Christopher Sean: Ok, Krystal, any closing remarks?
Krystal: So, for vintage lingerie go to pearls and lace. (@pearlsandlace) on Instagram. I did have a blog called LeFab Detroit and I feel like it’s making a resurgence ..I kind of like put it down because things just not working out how I wanted them to at that time but as of today and the people I’ve been hanging out with and talking to you guys, I feel like the creative side of me is going to be able to sustain itself. It will be able to show itself again so I’m going to be using that more. But that about it (laughs)

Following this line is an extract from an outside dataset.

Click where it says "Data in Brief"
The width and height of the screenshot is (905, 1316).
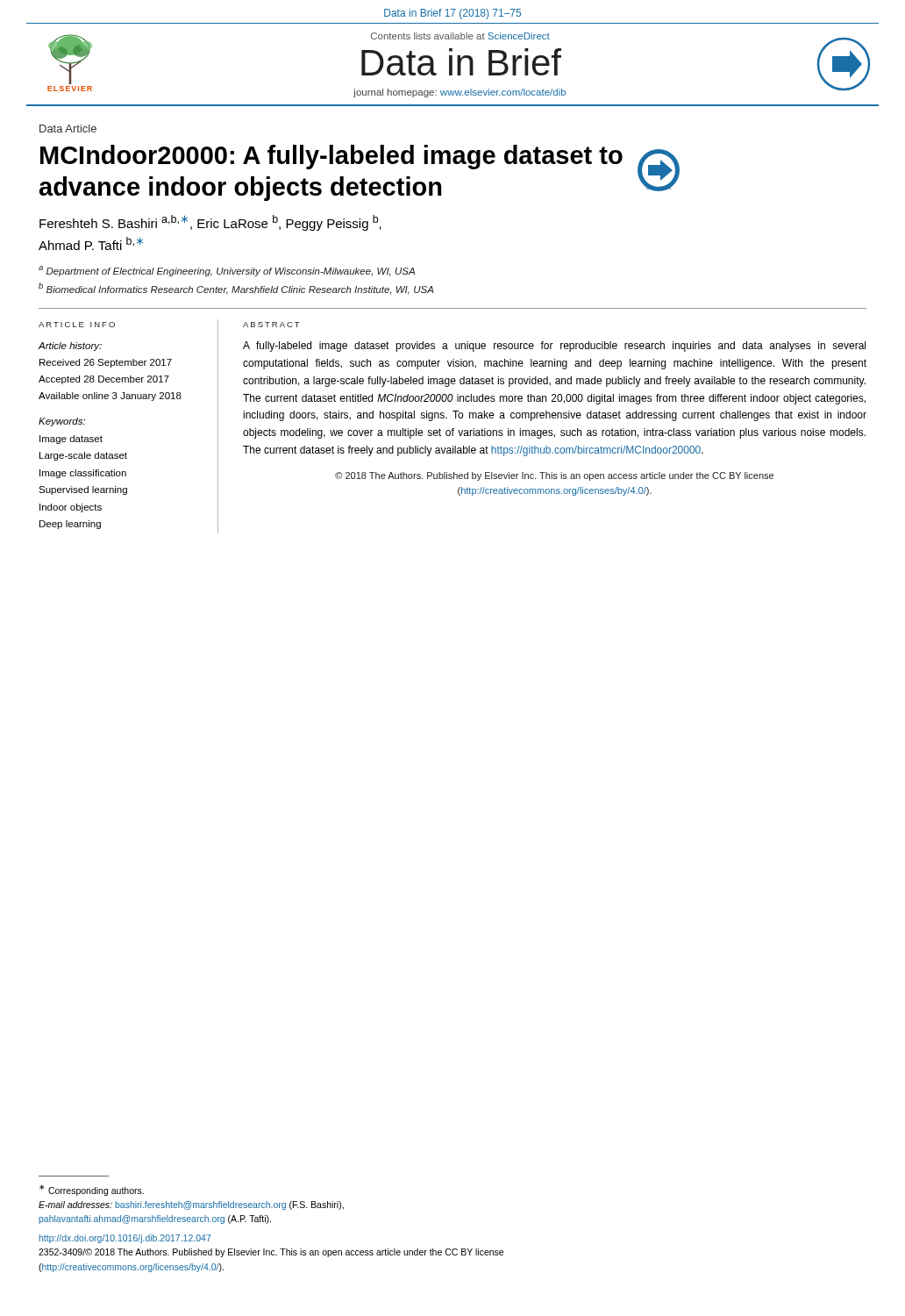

Mary-Ann: Also, with the Pop Up Shop, this is our first time doing it and we have 3 vendors and it’s in my loft. This loft has been used and filmed and been in a music video recently (laughs). And so now it’s gonna be a Pop Up Shop. I Love my loft, I feel lucky to live here. Though the outside of the building is really scary but don’t let that put you off everybody! So, if it’s successful and we get a good turnout I’d like to do the Pop Up Shop once a month. I’d be open to new vendors coming here and having a little space. I just want it to be fun. The purpose of it is to have a fun space where people can come together, have a good time in the afternoon that doesn’t necessarily have to involve getting drunk or whatever, ya know. It’s just about meeting new people and having a good time out in the city. But we will be serving things on a donation base so we’ll have some wine and coffee and tea on offer for a small donation. I hope everyone comes everyone’s welcomed! And Myron, the Yellow Wall man, a great photographer, we’ve done a little photo shoot to help promote and advertise and get the message out about this little Pop Up Shop so that it can take place once a month and those pictures will be on Instagram in the next 24hours.
Christopher Sean: *In British Accent* Alright ladies, it’s been a pleasure. They can’t see me shaking yours hands (laughs) but I’m doing it, I’m doing it.
Mary-Ann and Krystal: (laughs) Thankyou.